Here, we describe such systems which are generally referred to as multirate systems. Multirate systems are used in several applications, ranging from digital filter design to signal coding and compression, and have been increasingly present in modern digital systems.
First, we study the basic operations of decimation and interpolation, and show how arbitrary rational sampling-rate changes can be implemented with them. Then, we describe properties pertaining to the multirate systems, namely their valid inverse operations and the noble identities. With these properties introduced, the next step is to present the polyphase decompositions and the commutator models, which are key tools in multirate systems. The design of decimation and interpolation filters is also addressed. A step further is to deal with filter design techniques which use decimation and interpolation in order to achieve a prescribed set of filter specifications.
In Chapter 8 we dealt with multirate systems in general; that is, systems in which more than one sampling rate coexist. Operations of decimation, interpolation, and sampling-rate changes were studied, as well as some filter design techniques using multirate concepts.
In a number of applications, it is necessary to split a digital signal into several frequency bands. After such decomposition, the signal is represented by more samples than in the original stage. However, we can attempt to decimate each band, ending up with a digital signal decomposed into several frequency bands without increasing the overall number of samples. The question is whether it is possible to recover the original signal exactly from the decimated bands. Systems which decompose and reassemble the signals are generally called filter banks.
In this chapter, we deal with filter banks, showing several ways in which a signal can be decomposed into critically decimated frequency bands, and recovered from them with minimum error.

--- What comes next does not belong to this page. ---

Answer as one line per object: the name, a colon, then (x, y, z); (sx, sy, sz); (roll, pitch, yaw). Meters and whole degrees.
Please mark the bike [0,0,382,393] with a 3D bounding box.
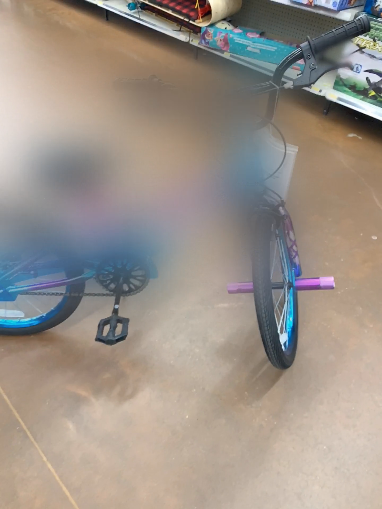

We start with an analysis of M-band filter banks, giving conditions for perfect reconstruction. Then we perform both frequency- and time-domain analyses of filter banks, followed by a discussion on orthogonality. We also treat two-band perfect reconstruction filter banks, and present the special designs for quadrature mirror filters (QMFs) and conjugate quadrature filters (CQFs). In addition, we shift to M-band filter banks, analyzing block transforms, cosine-modulated filter banks, and lapped transforms.
In previous chapters we were introduced to some design techniques for FIR and IIR digital filters. Some of these techniques can also be used in other applications related to the general field of digital signal processing. In the present chapter we consider the very practical problem of estimating the power spectral density (PSD) of a given discrete-time signal y(n). This problem appears in several applications, such as radar/sonar systems, music transcription, speech modeling, and so on. In general, the problem is often solved by first estimating the autocorrelation function associated with the data at hand, followed by a Fourier transform to obtain the desired spectral description of the process, as suggested by the Wiener–Khinchin theorem to be described in this chapter.
There are several algorithms for performing spectral estimation. Each one has different characteristics with respect to computational complexity, precision, frequency resolution, or other statistical aspects. We may classify all algorithms as nonparametric or parametric methods. Nonparametric methods do not assume any particular structure behind the available data, whereas parametric schemes consider that the process follows some pattern characterized by a specific set of parameters pertaining to a given model. In general, parametric approaches tend to be simpler and more accurate, but they depend on some a priori information regarding the problem at hand.